ForEach enumeration with index
Yesterday I did a code review that used a pattern I've seen a couple of times in the past. The pattern is using a foreach statement to enumerate over some collection but doing things where an index variable is important. This is typically done when working with an enumerable and where the cost to convert to a list or array is considered too high since it leads to enumerating the same collection twice.

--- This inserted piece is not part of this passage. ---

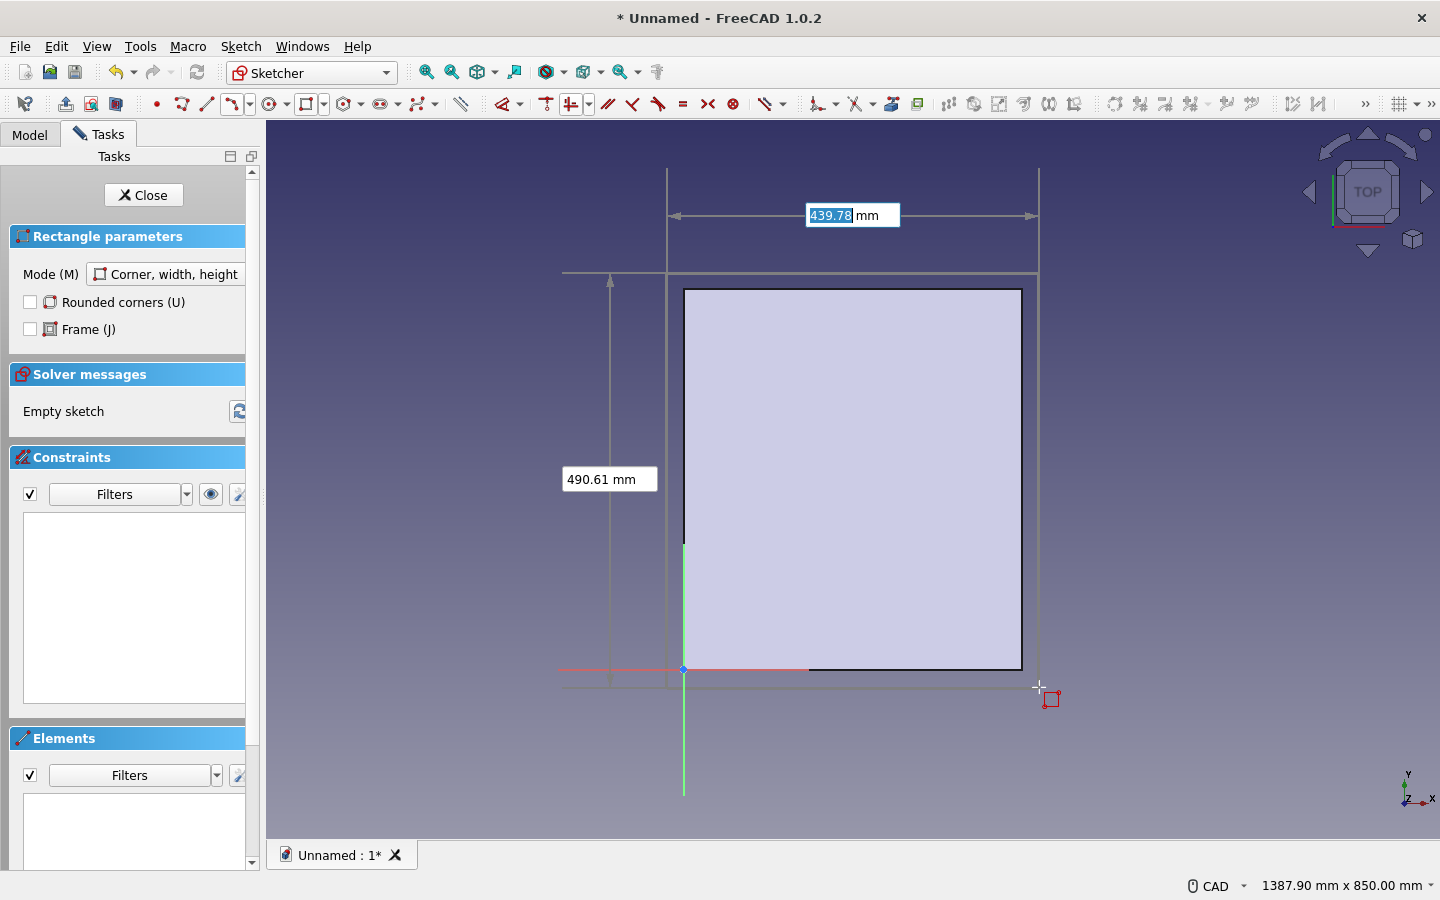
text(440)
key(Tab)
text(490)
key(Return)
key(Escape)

It typically looks something like this:
1: int i = 0;
2: foreach (var item in enumerable)
3: {
4: someArray[i] = item.SomeValue;
5: someOtherArray[i] = item.OtherValue;
6: i++;
7: }
The obvious fix would be to create a nice little extension method to deal with this:
8: public static class EnumerableExtensions
9: {
10: public static void ForEachWithIndex<T>(
11: this IEnumerable<T> enumerable,
12: Action<T, int> loopBody)
13: {
14: int i = 0;
15: foreach (var item in enumerable)
16: {
17: loopBody(item, i++);
18: }
19: }
20: }
Then it struck me that I should be able to do this with LINQ and it turned out to be an interesting exercise. Note that we have to return some dummy value since we're using a select method to transform the data. Also note the call to the Count method in order to force enumeration of the collection causing the selector delegate to execute for each element. This solution however makes me uncomfortable since I don't feel 100% certain that this whole statement will not be optimized into nothing since the return value of the Count method is not used. Only if that value was actually used I would feel good about this solution:
21: enumerable.Select(
22: (item, i) =>
23: {
24: someArray[i] = item.SomeValue;
25: someOtherArray[i] = item.OtherValue;
26: return true;
27: }).Count();
However I realized that in most cases where I've seen this kind of pattern, the actual order of execution is rarely important. Hence parallel execution could be the solution and then I actually could do this as a LINQ expression. Here is an implementation of that as an extension method:
28: public static void ParallellForEachWithIndex<T>(
29: this IEnumerable<T> enumerable,
30: Action<T, int> loopBody)
31: {
32: enumerable
33: .Select((item, i) => new { Item = item, Index = i })
34: .AsParallel()
35: .ForAll(data => loopBody(data.Item, data.Index));
36: }
Of all these options I guess the last one is pretty neat for parallel execution, but I would stick with the non-LINQ extension method for sequential work mainly because it is easier to understand than LINQ for new developers.
Comments
- Anonymous
December 27, 2011
Great article. I think you perfectly identified a great opportunity to use Parallel processing and the considerations behind it.